Pathways of intestinal bacterial translocation. Intestinal pathogenic bacteria, PAMPs, and metabolites translocate to the lung via lymphatic route and blood circulatory system.

Figure 4

The pathogenesis of intestinal microbiota dysbiosis caused acute lung injury (ALI). Briefly, the intestinal pathogenic bacteria and harmful metabolites are translocated to the lung and recognized by pulmonary innate immune cells (AECs, AMs, DCs, and NK cells). Then, the release of persistent pro-inflammatory cytokines is induced by binding to their pattern recognition receptors (PRRs) on the cell surface, causing an “inflammatory storm”. A large number of neutrophil cells aggregate in the alveoli and neutrophil extracellular trap network (NETs) lead to increased release of neutrophil elastase (NE), myeloperoxidase (MPO), and histone. The inflammatory factors, granulins, and infiltrated red blood cells from vascular cause the damage and hemorrhage of lung tissue. Subsequently, the lung tissue initiates the immune responses of damage-associated molecular patterns (DAMPs), causing increased release of high mobility group protein B1 (HMGB1), the abnormal polarization of M1-type macrophages, and release of NOD-like receptor thermal protein domain associated protein 3 (NLRP3).
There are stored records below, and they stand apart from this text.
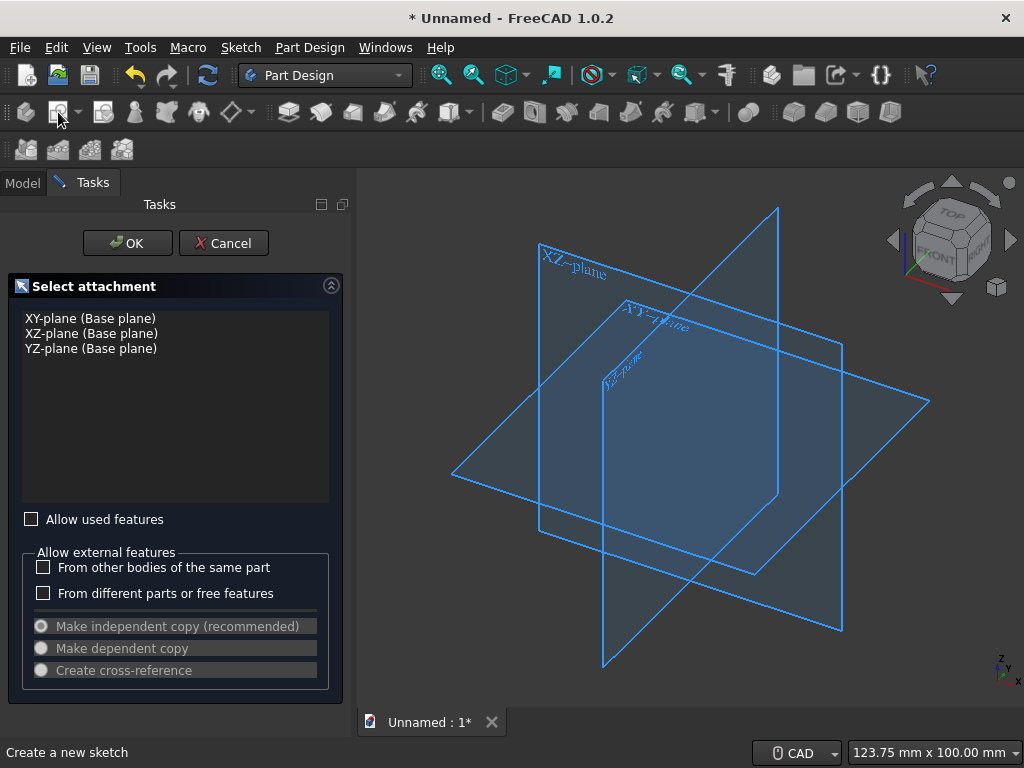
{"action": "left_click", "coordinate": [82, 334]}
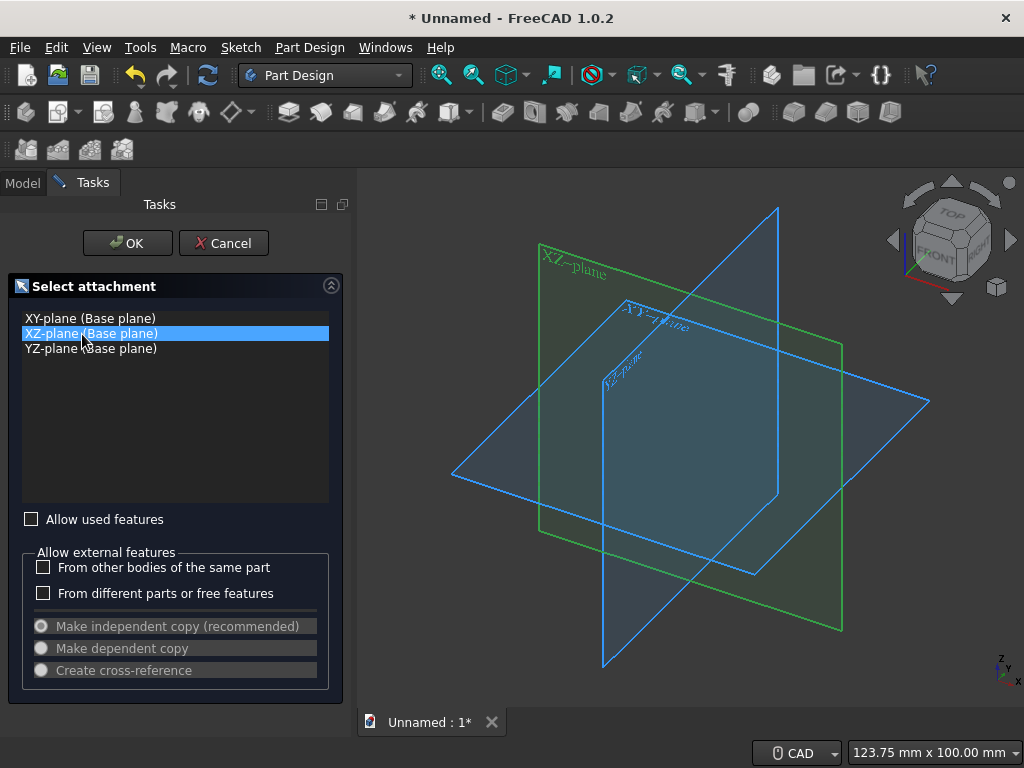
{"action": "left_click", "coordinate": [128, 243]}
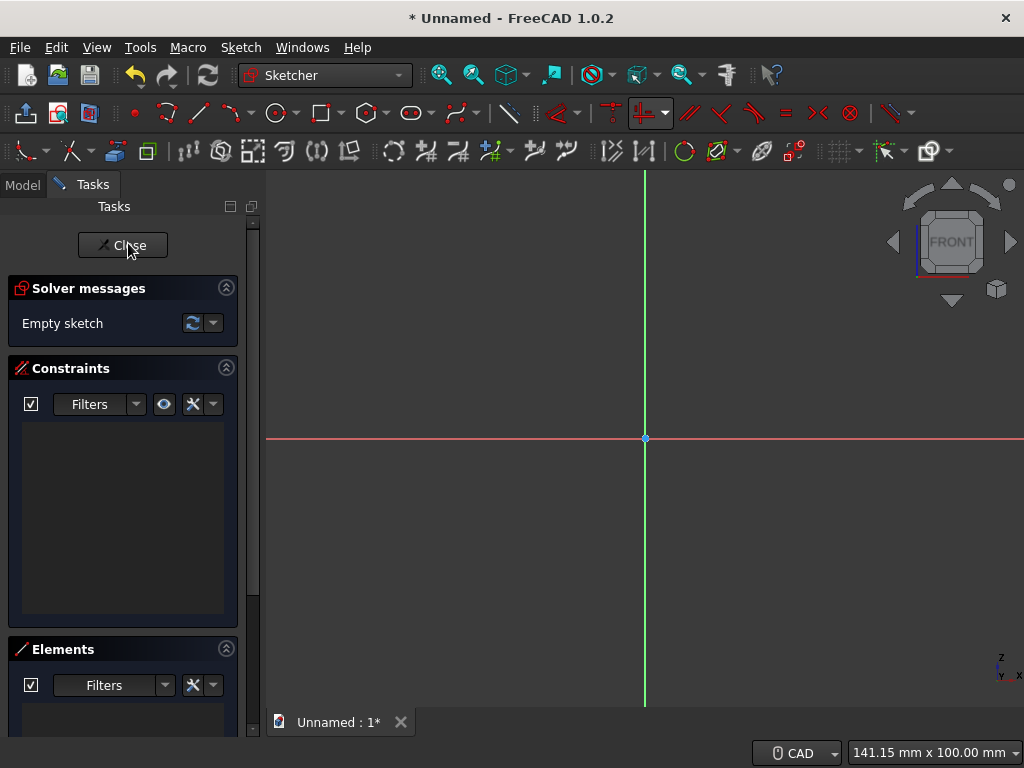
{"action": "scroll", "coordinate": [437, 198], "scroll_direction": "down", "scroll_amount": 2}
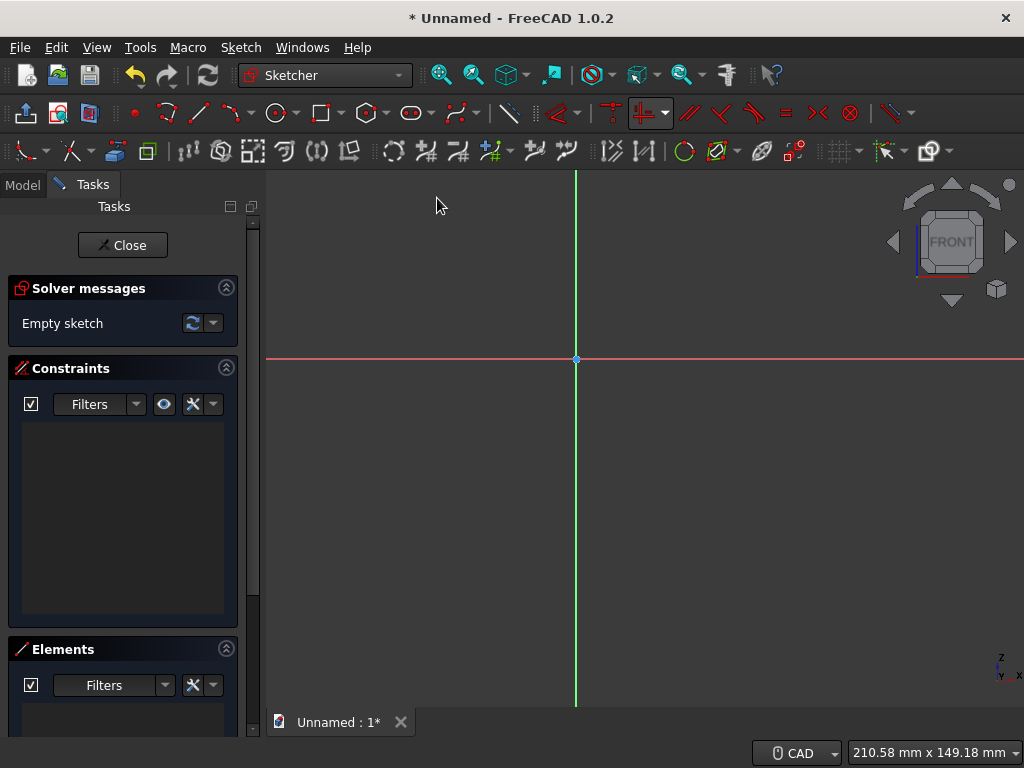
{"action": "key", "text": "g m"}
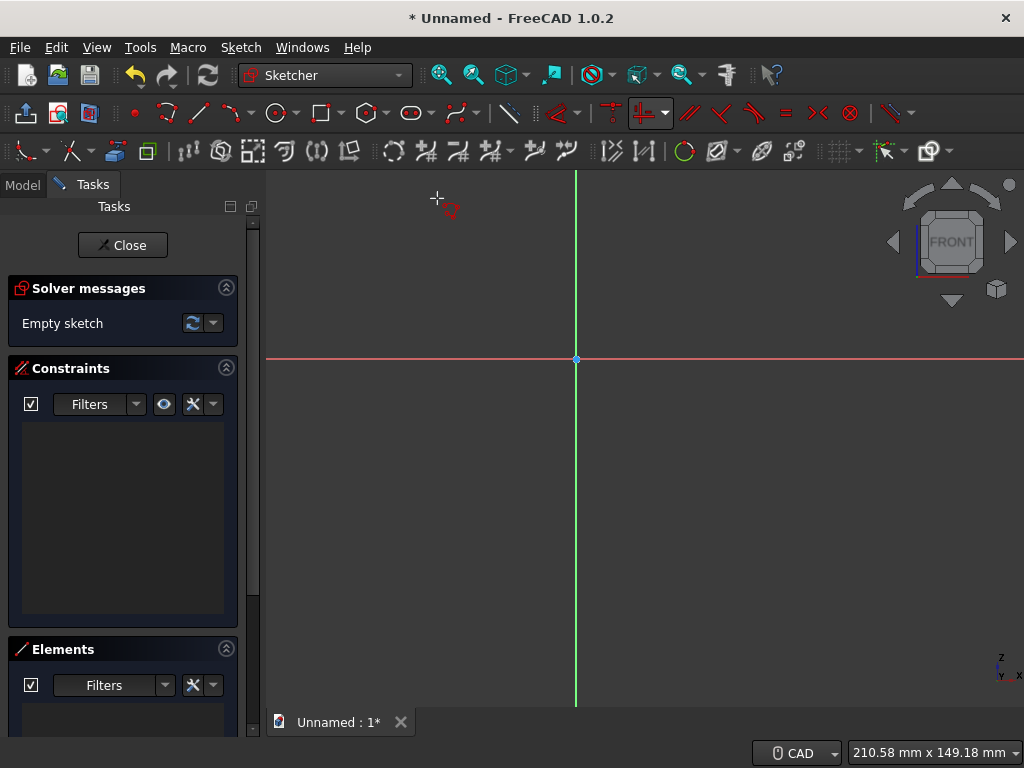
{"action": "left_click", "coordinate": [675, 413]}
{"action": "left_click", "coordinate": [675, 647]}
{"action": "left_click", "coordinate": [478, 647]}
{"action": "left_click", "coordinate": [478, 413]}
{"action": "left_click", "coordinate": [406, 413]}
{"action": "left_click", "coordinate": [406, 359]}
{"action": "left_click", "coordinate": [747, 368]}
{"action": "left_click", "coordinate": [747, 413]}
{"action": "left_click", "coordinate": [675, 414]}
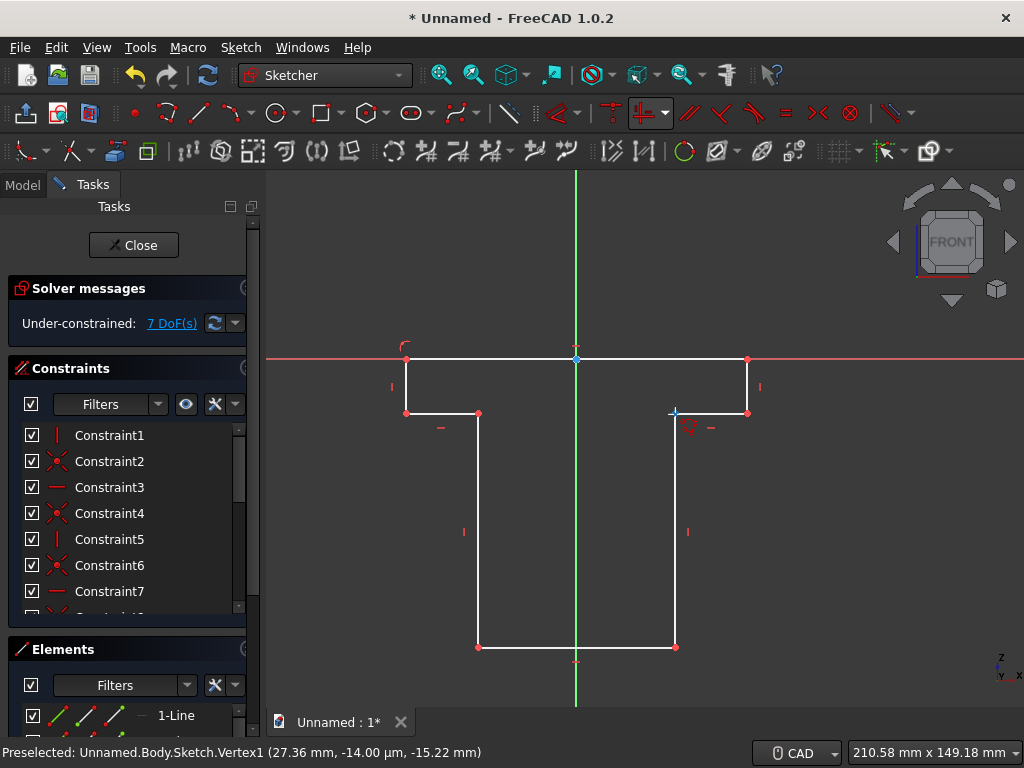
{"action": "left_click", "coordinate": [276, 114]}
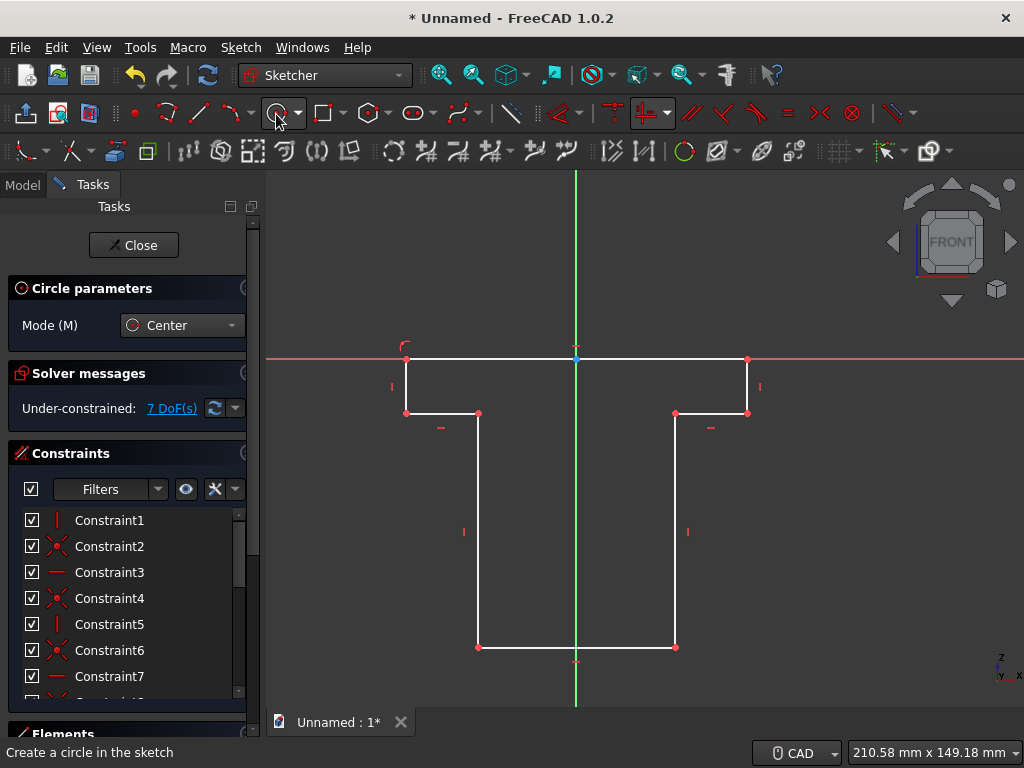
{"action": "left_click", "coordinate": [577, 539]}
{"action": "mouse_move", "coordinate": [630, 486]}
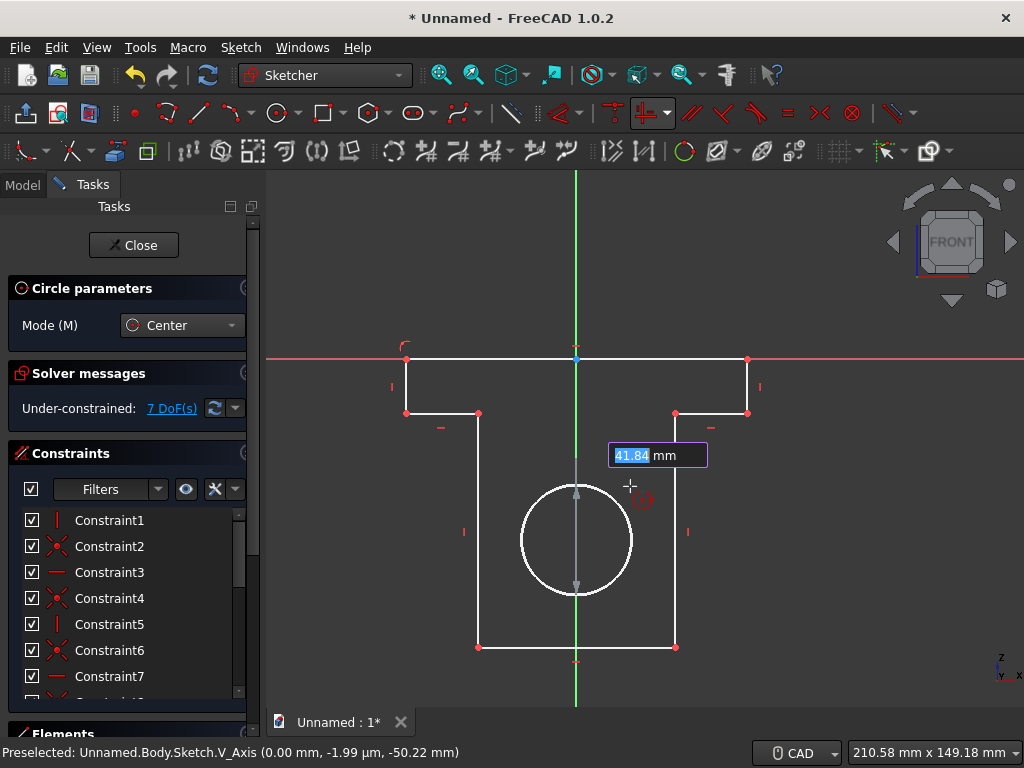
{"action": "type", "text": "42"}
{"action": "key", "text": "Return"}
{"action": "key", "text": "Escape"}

Finally, lung tissue initiates an adaptive immune response, and increased production of pro-inflammatory Th1 and Th17 immune cells and suppression of Tregs cells could be observed, resulting in the paralysis of the immune system and irreversible ALI. AECs, alveolar epithelial cells; AMs, alveolar macrophages; DCs, dendritic cells; ASC, Apoptosis-associated speck-like protein containing a caspase recruit domain; SIgA, secretory IgA.

Figure 5

Comparison of M1-type macrophages and M2-type macrophages, in terms of stimulatory factors, transcription factors, released mediators, and functional properties during the process of PALI. AP-1, activating protein-1; ARG1, arginase 1; CMyC, transcription factor CMyC; GM-CSF, granulocyte-macrophage colony-stimulating factor; IFN-γ, interferon γ; IRF, interferon regulatory factor; KLF-4, krüppel-like factor 4; LPS, lipopolysaccharide; NF-κB, nuclear transcription factor κB; ROS, reactive oxygen species; STAT, signal transduction and activation of transcription factor; TGF-β, transforming growth factor ß; VEGF, vascular endothelial growth factor.

Figure 6

Possible mechanisms of probiotics supplementation on PALI recovery. Probiotics can restore the function of the intestinal barrier by inhibiting the proliferation of pathogenic bacteria, increasing the production of 3-hydroxyoctadecenoic acid (C18-3OH), short-chain fatty acids (SCFAs), antimicrobial peptides (AMPs), mucin2 (MUC2), and secretory IgA (SIgA), and regulating the expression of tight junction (TJ) proteins. In addition, probiotics have the capacity to reduce the neutrophil infiltration and release of inflammatory cytokines, maintain the balance of the intestinal immune system, and reduce the translocation of bacteria, inflammatory factors, etc., resulting in the alleviation of PALI.